New York State Court of Claims
BRITTING v. STATE OF NEW YORK, # 2021-053-515, Claim No. 133249, Motion No. M-96181, Cross-Motion No. CM-96255

Synopsis

Claimant's motion for partial summary judgment on the issue of liability under Labor Law 240 (1) is denied as questions of fact exist. The State's cross-motion for partial summary judgment dismissing the Labor Law 240 (1) is also denied due to the same issues of fact.

Case information

UID: 2021-053-515
Claimant(s): TRACY J. BRITTING
Claimant short name: BRITTING
Footnote (claimant name) :
Defendant(s): STATE OF NEW YORK
Footnote (defendant name) :
Third-party claimant(s):
Third-party defendant(s):
Claim number(s): 133249
Motion number(s): M-96181
Cross-motion number(s): CM-96255
Judge: J. DAVID SAMPSON
Claimant's attorney: COLLINS & COLLINS ATTORNEYS, LLC
BY: Ethan W. Collins, Esq.
Defendant's attorney: HON. LETITA JAMES
New York State Attorney General
BY: Carlton K. Brownell, III, Esq.
Third-party defendant's attorney:
Signature date: March 31, 2021
City: Buffalo
Comments:
Official citation:
Appellate results:
See also (multicaptioned case)

Decision

Claimant Tracy J. Britting alleges in claim no. 133249 that he was injured on March 15, 2018 while working at Wende Correctional Facility (Wende) repairing a prison door. Claimant alleges that he was injured due to the negligence of the State of New York and violations of Labor Law 200, 240 (1) and 241(6).(1) Claimant moves by motion no. M-96181 for partial summary judgment under Labor Law 240 (1). Defendant opposes the motion and cross moves by motion CM-96255 for partial summary judgment dismissing the Labor Law 240 (1) cause of action. Claimant opposes the cross motion.

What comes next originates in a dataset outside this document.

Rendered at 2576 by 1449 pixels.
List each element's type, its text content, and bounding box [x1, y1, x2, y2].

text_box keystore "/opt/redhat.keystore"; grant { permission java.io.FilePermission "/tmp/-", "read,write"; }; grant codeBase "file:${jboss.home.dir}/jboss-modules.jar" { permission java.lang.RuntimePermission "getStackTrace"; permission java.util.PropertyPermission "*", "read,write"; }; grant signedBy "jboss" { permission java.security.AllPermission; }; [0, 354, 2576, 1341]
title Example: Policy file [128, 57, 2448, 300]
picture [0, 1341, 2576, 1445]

Deposition of Claimant, Tracey J. Britting

Claimant was accepted into the Ironworkers Local 6 Union in 1993. When he first joined the union, claimant had to undergo a four year apprenticeship. During this apprenticeship, claimant learned welding, rigging, structural, blueprint reading, ornamental, and rebar. In March of 2018, at the time of the accident, claimant was a certified welder. At that time, the Union dispatched him to work for Maximum Security Products Corporation (Maximum Security) at Wende. The job involved welding and some rigging (see claimant's deposition, Exhibit F, pp. 9-15). During the first week on this job, claimant tore out old overhead hatches and installed new ones. Throughout the project, claimant worked with his foreman, Paul Totten, whom claimant believed was a full-time employee of Maximum Security (Exhibit F, pp. 17-18).

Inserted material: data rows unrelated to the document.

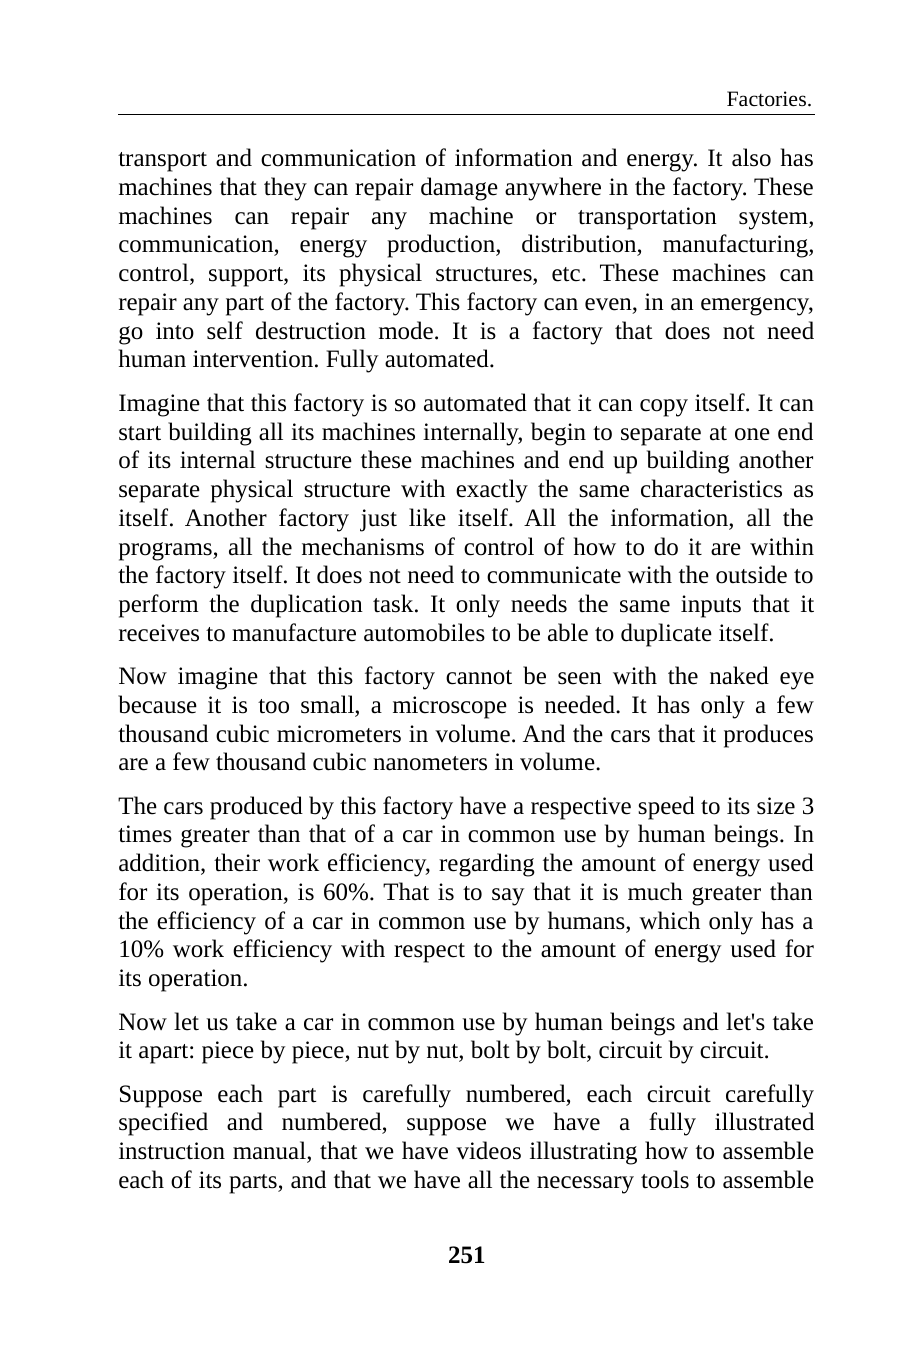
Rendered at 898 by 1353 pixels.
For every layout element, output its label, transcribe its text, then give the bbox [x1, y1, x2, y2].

text Imagine that this factory is so automated that it can copy itself. It can start building all its machines internally, begin to separate at one end of its internal structure these machines and end up building another separate physical structure with exactly the same characteristics as itself. Another factory just like itself. All the information, all the programs, all the mechanisms of control of how to do it are within the factory itself. It does not need to communicate with the outside to perform the duplication task. It only needs the same inputs that it receives to manufacture automobiles to be able to duplicate itself. [118, 388, 815, 647]
text Suppose each part is carefully numbered, each circuit carefully specified and numbered, suppose we have a fully illustrated instruction manual, that we have videos illustrating how to assemble each of its parts, and that we have all the necessary tools to assemble [118, 1079, 815, 1194]
text Now let us take a car in common use by human beings and let's take it apart: piece by piece, nut by nut, bolt by bolt, circuit by circuit. [118, 1007, 815, 1064]
text The cars produced by this factory have a respective speed to its size 3 times greater than that of a car in common use by human beings. In addition, their work efficiency, regarding the amount of energy used for its operation, is 60%. That is to say that it is much greater than the efficiency of a car in common use by humans, which only has a 10% work efficiency with respect to the amount of energy used for its operation. [118, 791, 815, 992]
text Now imagine that this factory cannot be seen with the naked eye because it is too small, a microscope is needed. It has only a few thousand cubic micrometers in volume. And the cars that it produces are a few thousand cubic nanometers in volume. [118, 661, 815, 776]
text transport and communication of information and energy. It also has machines that they can repair damage anywhere in the factory. These machines can repair any machine or transportation system, communication, energy production, distribution, manufacturing, control, support, its physical structures, etc. These machines can repair any part of the factory. This factory can even, in an emergency, go into self destruction mode. It is a factory that does not need human intervention. Fully automated. [118, 143, 815, 373]

On March 15, 2018, claimant and his foreman started the day by working on hatches, clean up and painting. Their last job of the day involved a prison steel door. Also present on this project was a prison guard. According to claimant's deposition testimony, there was always a prison maintenance man or a prison guard present while they worked (Exhibit F, pp. 22-25).

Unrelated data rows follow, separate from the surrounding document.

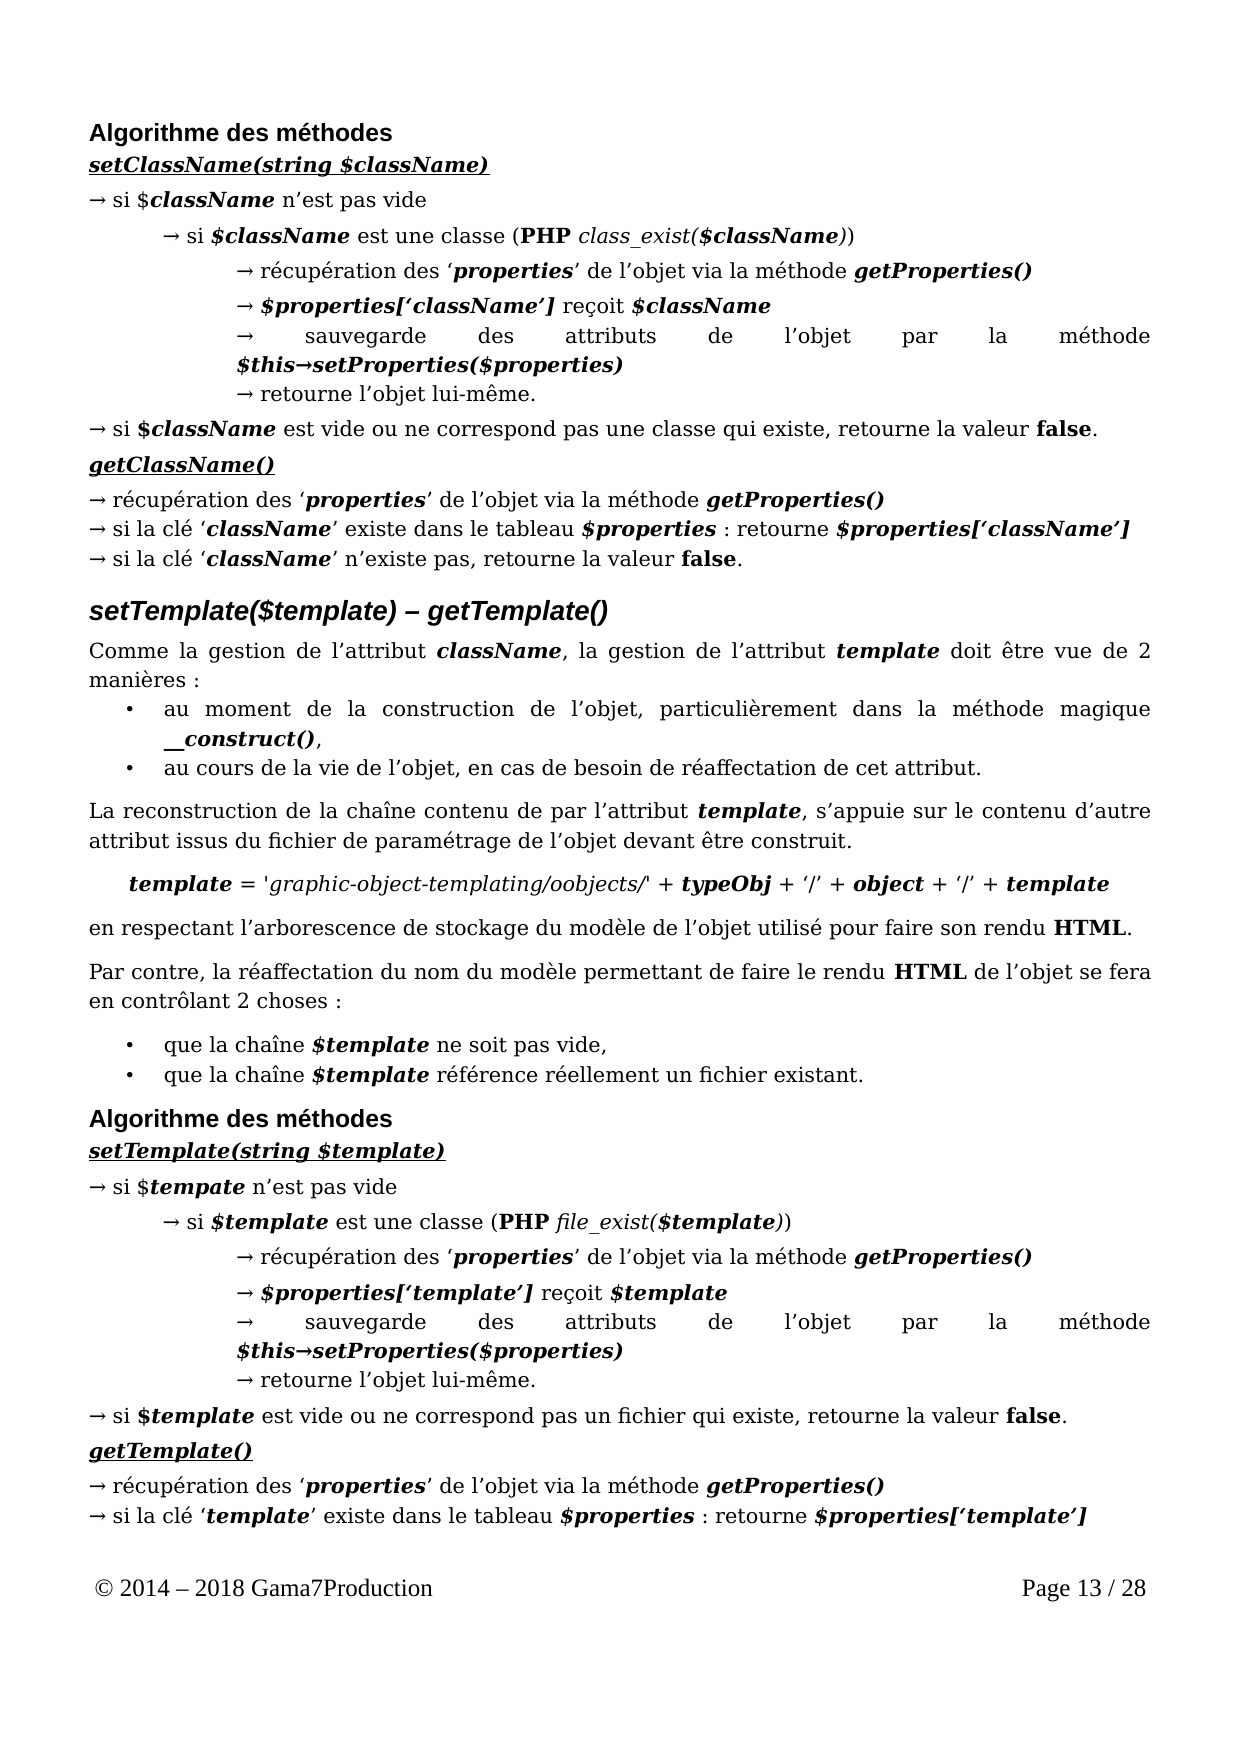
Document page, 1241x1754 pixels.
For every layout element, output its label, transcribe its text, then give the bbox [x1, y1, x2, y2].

text getClassName() [88, 453, 1152, 477]
subtitle Algorithme des méthodes [88, 1104, 1152, 1133]
subtitle setTemplate($template) – getTemplate() [88, 594, 1152, 626]
text → $properties[‘className’] reçoit $className [236, 294, 1152, 319]
text → si $className est vide ou ne correspond pas une classe qui existe, retourne la valeur false. [88, 417, 1152, 442]
text → si la clé ‘template’ existe dans le tableau $properties : retourne $properties[‘template’] [88, 1503, 1152, 1528]
text → récupération des ‘properties’ de l’objet via la méthode getProperties() [88, 1474, 1152, 1499]
text → si $tempate n’est pas vide [88, 1174, 1152, 1199]
text setClassName(string $className) [88, 153, 1152, 177]
list que la chaîne $template référence réellement un fichier existant. [126, 1062, 1152, 1087]
text → si $template est vide ou ne correspond pas un fichier qui existe, retourne la valeur false. [88, 1403, 1152, 1428]
text La reconstruction de la chaîne contenu de par l’attribut template, s’appuie sur le contenu d’autre attribut issus du fichier de paramétrage de l’objet devant être construit. [88, 799, 1152, 853]
text → si la clé ‘className’ existe dans le tableau $properties : retourne $properties[‘className’] [88, 517, 1152, 542]
text → si $className n’est pas vide [88, 188, 1152, 213]
text Par contre, la réaffectation du nom du modèle permettant de faire le rendu HTML de l’objet se fera en contrôlant 2 choses : [88, 960, 1152, 1014]
text → si $className est une classe (PHP class_exist($className)) [88, 223, 1152, 248]
text → si $template est une classe (PHP file_exist($template)) [88, 1210, 1152, 1234]
list au moment de la construction de l’objet, particulièrement dans la méthode magique __construct(), [126, 697, 1152, 751]
text → sauvegarde des attributs de l’objet par la méthode $this→setProperties($properties) [236, 1310, 1152, 1364]
text → sauvegarde des attributs de l’objet par la méthode $this→setProperties($properties) [236, 323, 1152, 377]
text getTemplate() [88, 1439, 1152, 1463]
text template = 'graphic-object-templating/oobjects/' + typeObj + ‘/’ + object + ‘/’ + template [88, 872, 1152, 897]
text → récupération des ‘properties’ de l’objet via la méthode getProperties() [88, 259, 1152, 283]
text → si la clé ‘className’ n’existe pas, retourne la valeur false. [88, 547, 1152, 571]
text → récupération des ‘properties’ de l’objet via la méthode getProperties() [88, 488, 1152, 512]
subtitle Algorithme des méthodes [88, 118, 1152, 147]
list que la chaîne $template ne soit pas vide, [126, 1033, 1152, 1058]
text → récupération des ‘properties’ de l’objet via la méthode getProperties() [88, 1245, 1152, 1269]
text → retourne l’objet lui-même. [88, 1368, 1152, 1393]
list au cours de la vie de l’objet, en cas de besoin de réaffectation de cet attribut. [126, 756, 1152, 780]
text en respectant l’arborescence de stockage du modèle de l’objet utilisé pour faire son rendu HTML. [88, 916, 1152, 941]
text → $properties[‘template’] reçoit $template [236, 1280, 1152, 1305]
text setTemplate(string $template) [88, 1139, 1152, 1164]
text Comme la gestion de l’attribut className, la gestion de l’attribut template doit être vue de 2 manières : [88, 639, 1152, 692]
text → retourne l’objet lui-même. [88, 382, 1152, 407]

According to claimant, the job he and Mr. Totten were doing at the time of the incident involved taking a steel door off the door jam and repairing the hinges. They planned to use a zip wheel, cut off the old hinges, re-weld new hinges and put the new hinges on the door. Mr. Totten was going to do all the welding while claimant acted as his helper (Exhibit F, pp.. 26-27). The door they were working on was an outside door which led to the outside courtyard. The door swung out towards the courtyard. In order to work on the door, claimant and Mr. Totten brought with them an AC welder, grinders, chipping hammers, welding rod, welding hoods and plastic sawhorses. Claimant stated that he believed that the sawhorses belonged to Maximum Security and not to the prison. He did not know the brand name of the sawhorses, did not recall if they had stencil or a label, and did not see any writing on the sawhorses to show their maximum load (Exhibit F, pp.. 29-31). Claimant testified that he expressed to Mr. Totten his concern that the sawhorses were not going to hold the door. According to claimant, Mr. Totten replied "I do this all the time." Claimant did not check to see if the sawhorses were weight standard (Exhibit F, pp. 33-34).

Before cutting through the hinges, Mr. Totten set up the sawhorses in the prison courtyard. They were spaced apart in order to put the door on top of them. After cutting the hinges, claimant and Mr. Totter lowered the door to the ground. The bottom of the door rested on the ground. According to claimant, the door weighed about 300 pounds. Claimant described the door as steel, but he did not believe that it was solid steel. Claimant agreed that once the door is off the hinges, it rests on the ground and that the plan was then to lower the door onto the sawhorses and pick up the part of the door on the ground (Exhibit F, pp. 34-36).

According to claimant, he was standing on the hinge side of the door while Mr. Totten was standing on the door handle side. As the door was standing straight up, claimant and Mr. Totten began to lower the door onto the sawhorses when the door "got away from" them, came down, hit and crushed one of the sawhorses, threw Mr. Totten to the ground and landed on claimant's left foot (Exhibit F, pp. 37-38). The door never landed on the second sawhorse as it had been placed about six feet away from the first sawhorse. According to claimant, before the incident, claimant had a conversation with Mr. Totten during which he questioned whether the sawhorses were adequate. Claimant stated that he could have refused to use the sawhorses if he had wanted (Exhibit F, pp. 39-40).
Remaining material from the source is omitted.